(Exercise aim) Return only the lines running from the one that contains "You are a computer-use" through the end of the entries, exactly, both ends included. Omit pictures.

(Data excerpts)
------------------------------
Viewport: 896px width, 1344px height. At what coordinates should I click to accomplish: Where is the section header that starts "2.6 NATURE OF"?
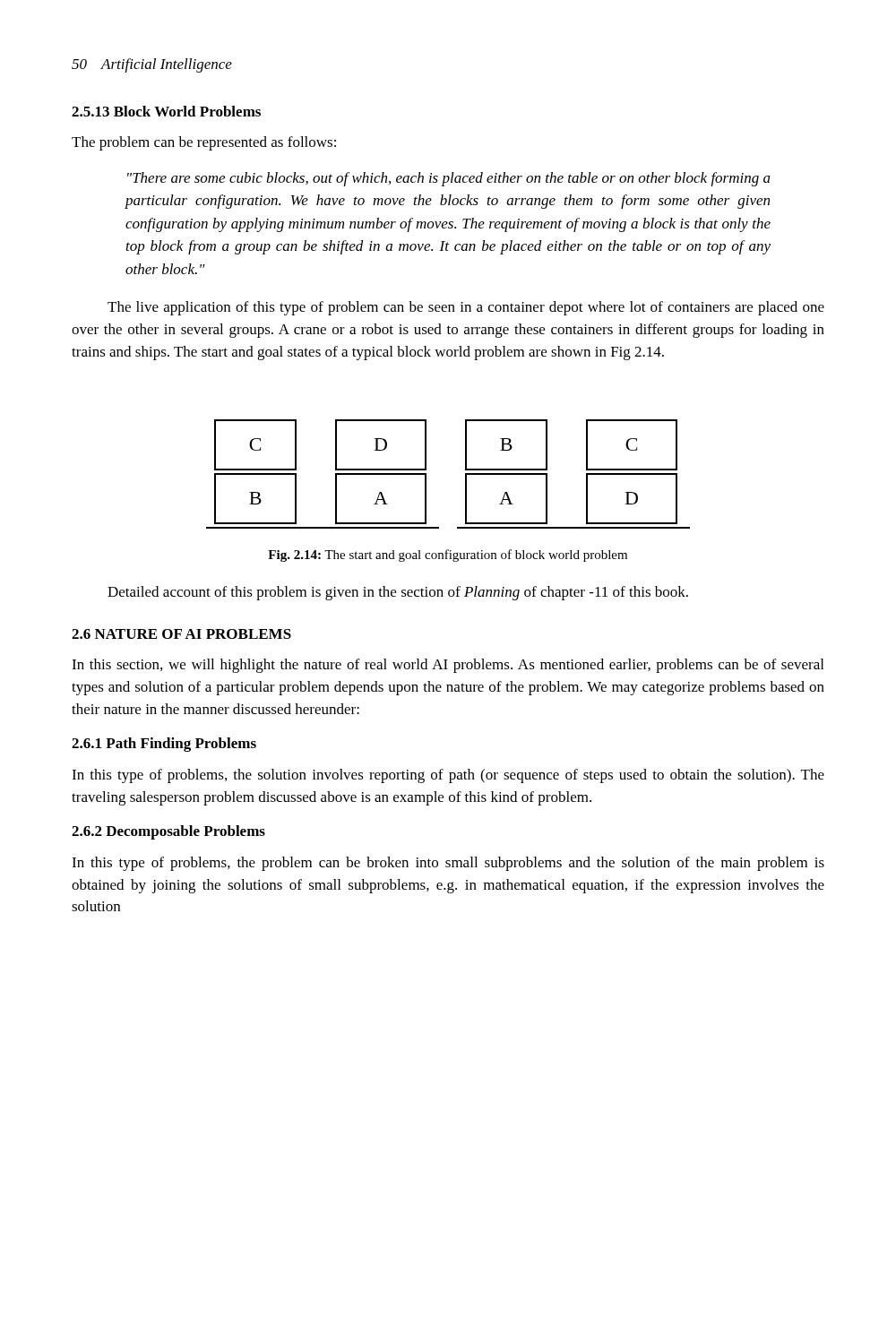(181, 634)
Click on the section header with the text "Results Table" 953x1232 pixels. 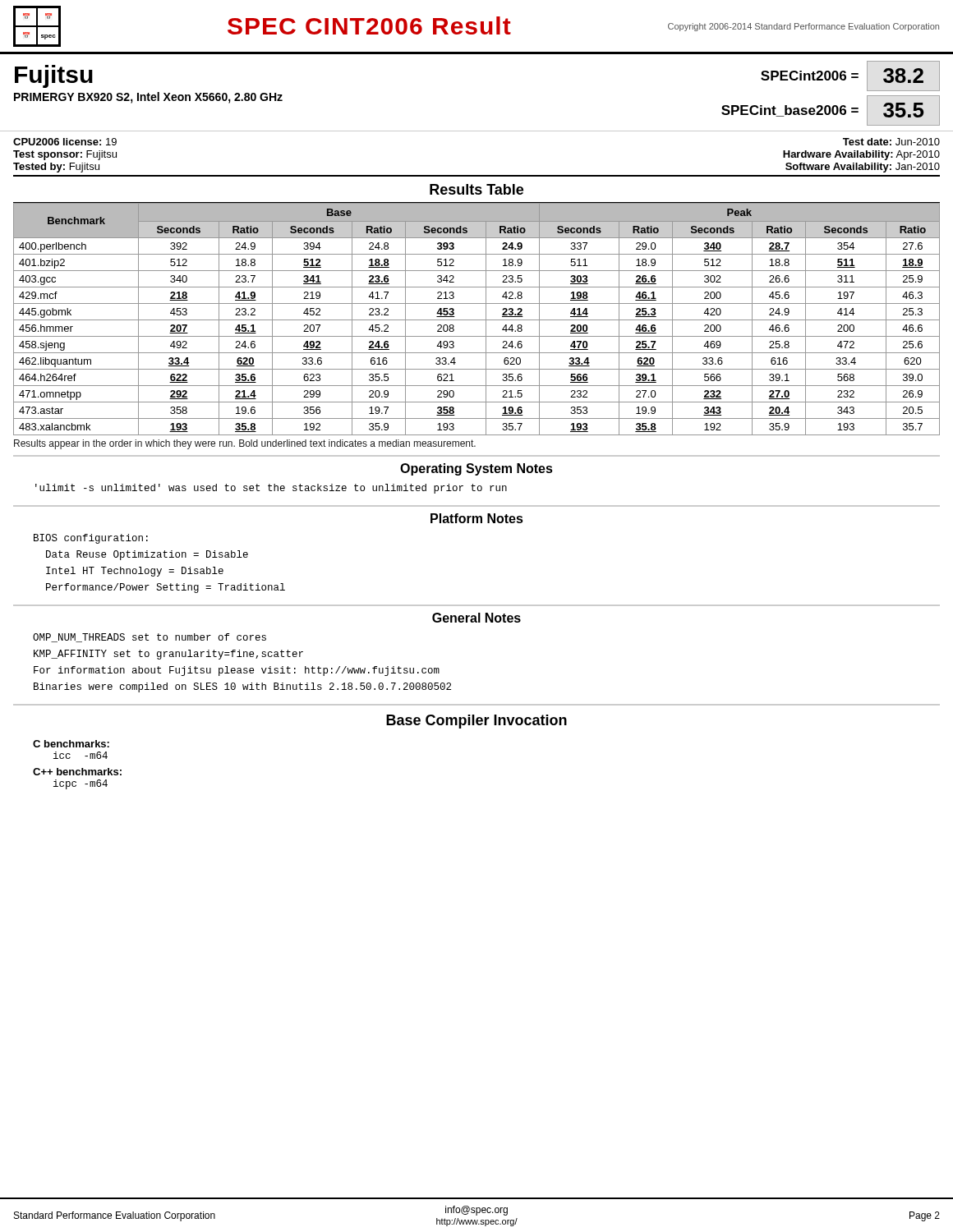click(476, 190)
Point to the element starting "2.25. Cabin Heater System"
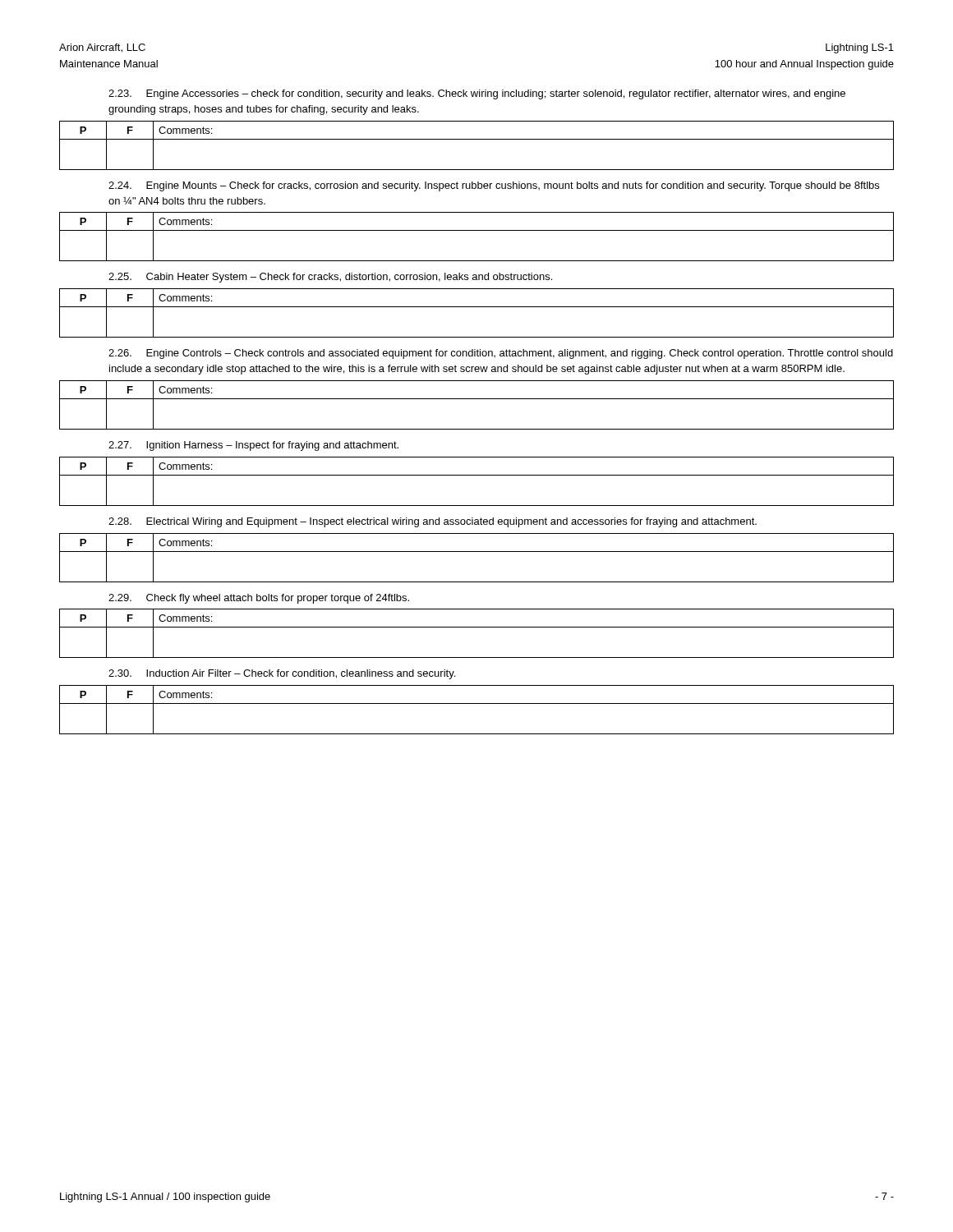 (331, 277)

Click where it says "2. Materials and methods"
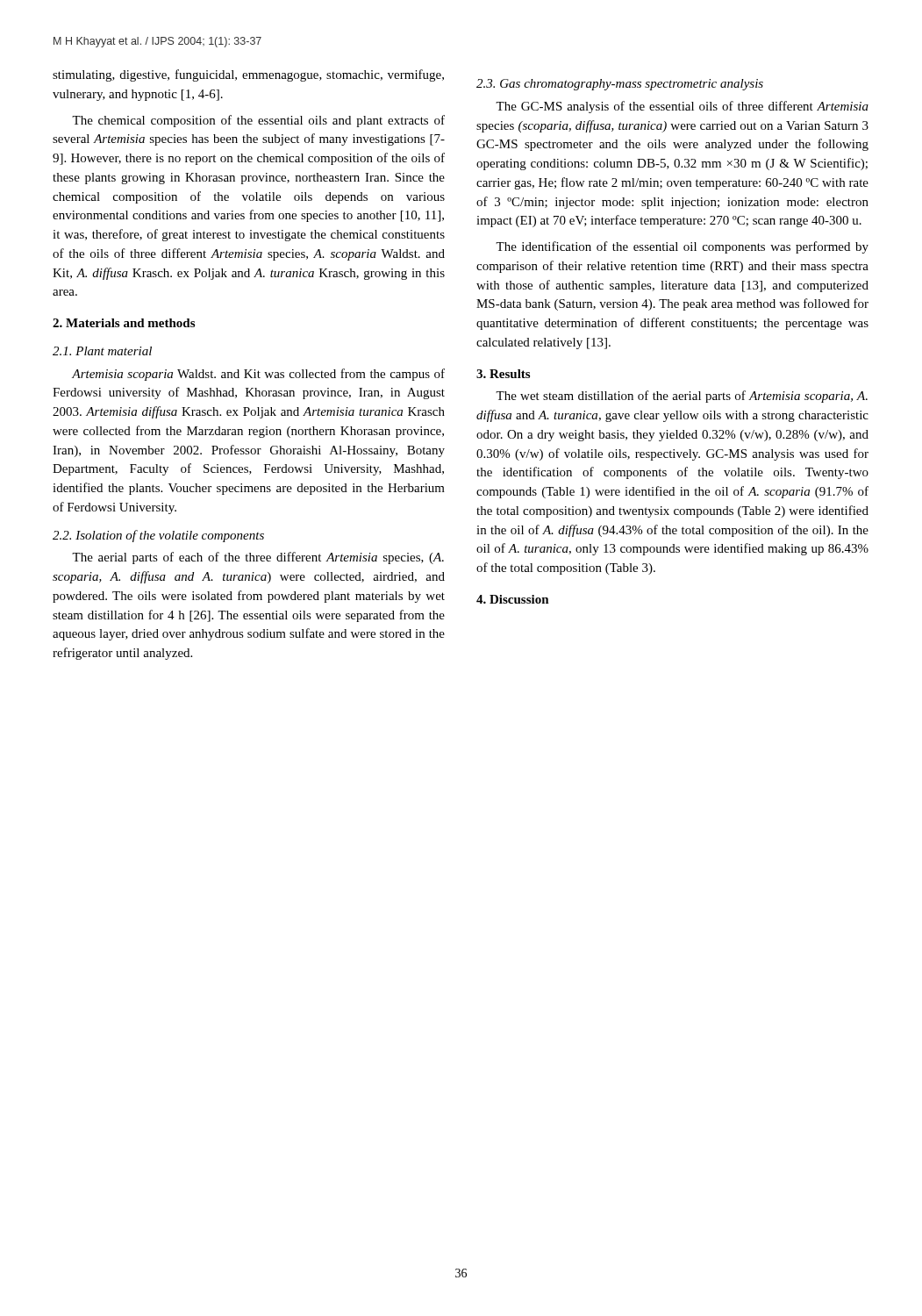[124, 323]
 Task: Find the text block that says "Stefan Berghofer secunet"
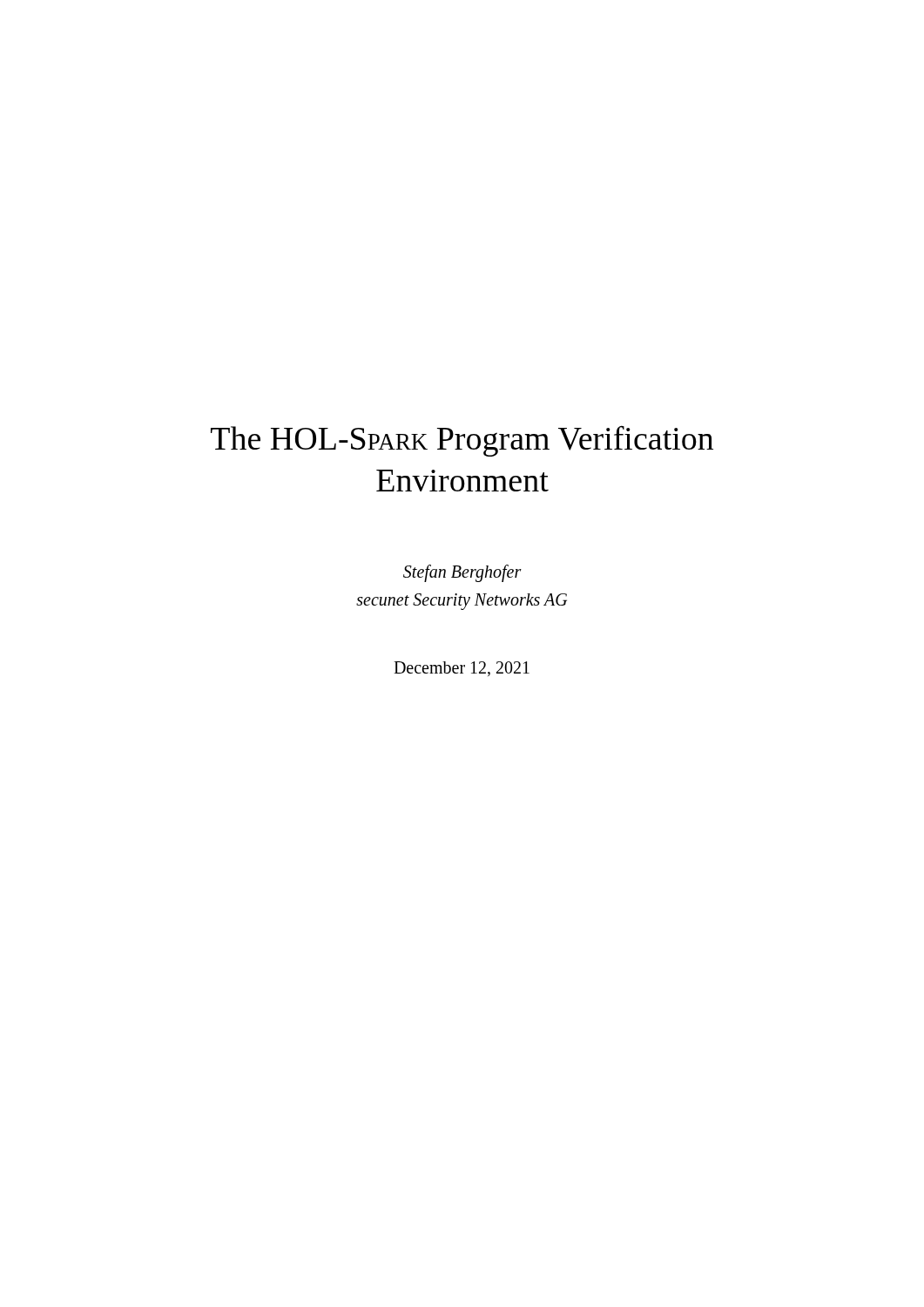coord(462,586)
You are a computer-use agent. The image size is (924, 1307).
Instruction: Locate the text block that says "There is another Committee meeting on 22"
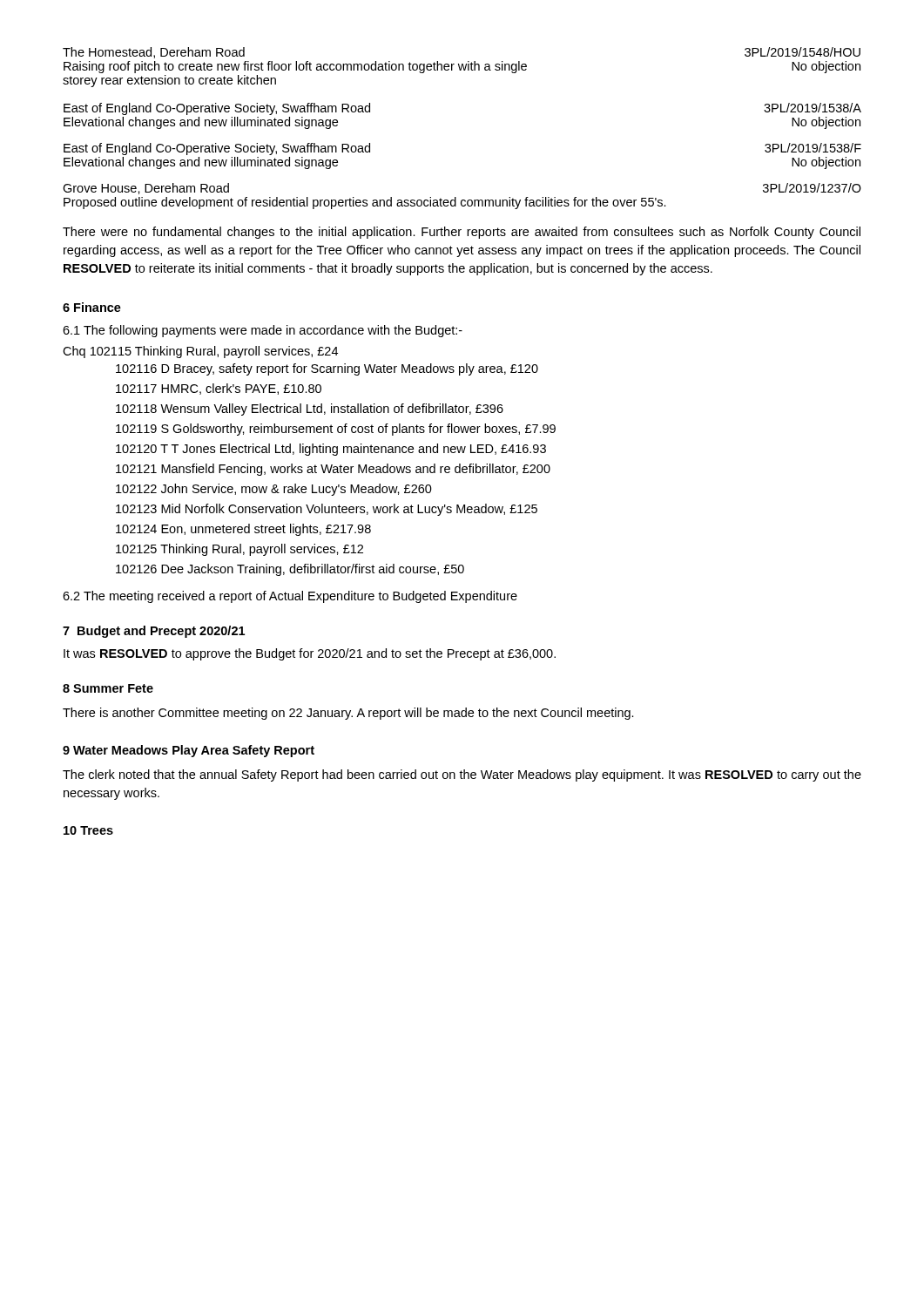[349, 713]
------------------------------
(Task solution)
You are a computer-use agent. The image size is (924, 1307).
Instruction: Locate the text block that says "There is another Committee meeting on 22"
[349, 713]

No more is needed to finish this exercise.